Firstly, as state patronage becomes riskier in Budapest, the project can survive as a cross-border “intellectual” milieu: conferences, institutes, publications, international partnerships. Hungary has already pioneered the technique of using state-friendly NGOs and foundations to do political work at arm’s length. Even under a new government, some of those institutions may remain staffed, funded or protected by rules that are hard to change quickly.

Secondly, the network’s language – about “globalists”, “liberal fascism”, and law used “as we understand it” – was built for grievance politics. If Hungary’s new government moves against Fidesz-era appointees or institutions, the network can depict this as a purge. That can rally domestic supporters and keep international allies – on Europe’s far right and in Trump-aligned circles – engaged.

Thirdly, the centre of gravity might shift back to Poland (and Brussels). For the Polish participants, Hungary's turn is a defeat, but not necessarily the end. The internal struggle over courts and appointments continues. The network, which brings together Supreme Court judges, former Constitutional Tribunal judges, PiS politicians, and lawyers associated with Ordo Iuris, is a project built for survival – next year, Poland will hold parliamentary elections, and it's not certain that the far right won't return to power. Then, the center of disruption and dismantling of the European Union might shift from Budapest to Warsaw.
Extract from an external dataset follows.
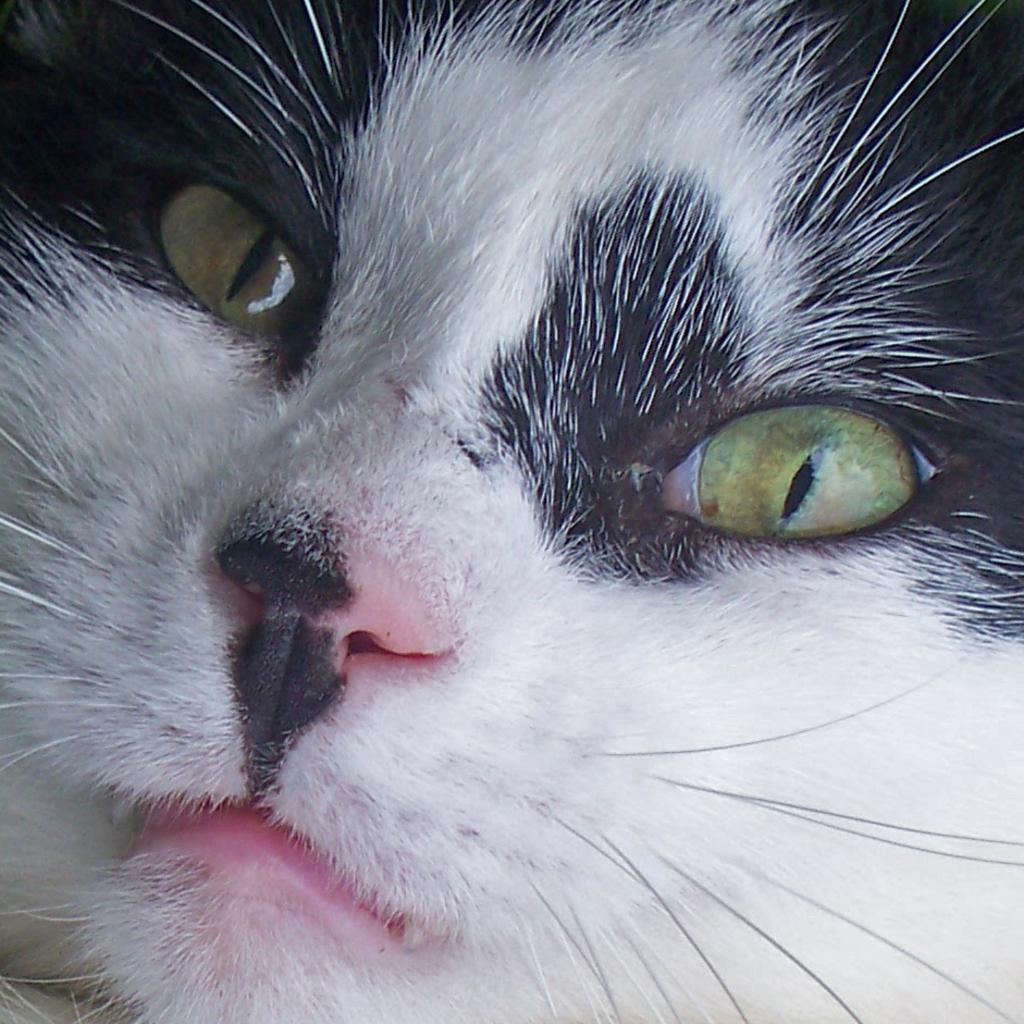How would you summarize this image in a sentence or two? In the picture I can see the cat. 
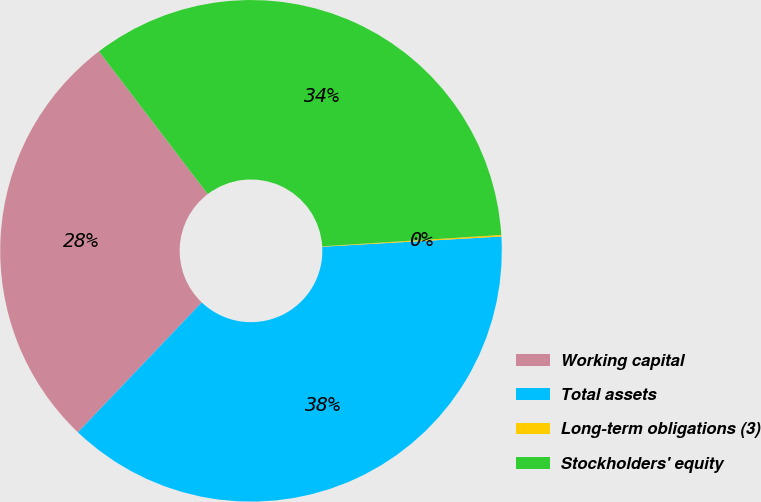<chart> <loc_0><loc_0><loc_500><loc_500><pie_chart><fcel>Working capital<fcel>Total assets<fcel>Long-term obligations (3)<fcel>Stockholders' equity<nl><fcel>27.51%<fcel>38.03%<fcel>0.1%<fcel>34.36%<nl></chart>

Furthermore, even without Orbán at the helm of the Hungarian government, there are still sympathetic MEPs in the European Council, conferences devoted to the "restoration of legal norms," ​​and sympathetic media platforms through which legal narratives can spread.

The paradox of legalism

Europe’s liberal order is often criticised for fetishising procedure. Yet it is precisely procedure – rules, courts, treaties – that gives it strength: disputes can be settled without violence. Illiberal strategists have learned to mimic that language, turning legalism into a weapon. They do not say: “ignore the law”; they say: “we are the law.” They do not announce authoritarianism; they publish.

Hungary’s election shows that even the most carefully reinforced system can be breached by voters. But it also shows why the election-proofers built networks rather than merely parties. A party can lose. A network can wait.

If Tisza uses its majority to dismantle the old fortifications, it will not only be reforming Hungary. It will be testing whether the Central European export of illiberal legal engineering – complete with friendly professors, disciplined judges and subsidised “civil society” – is still a going concern without its most famous patron in office.

First Kaczyński lost the election, now Orbán has suffered defeat. But the truly important question is whether their legal methods can also be rejected.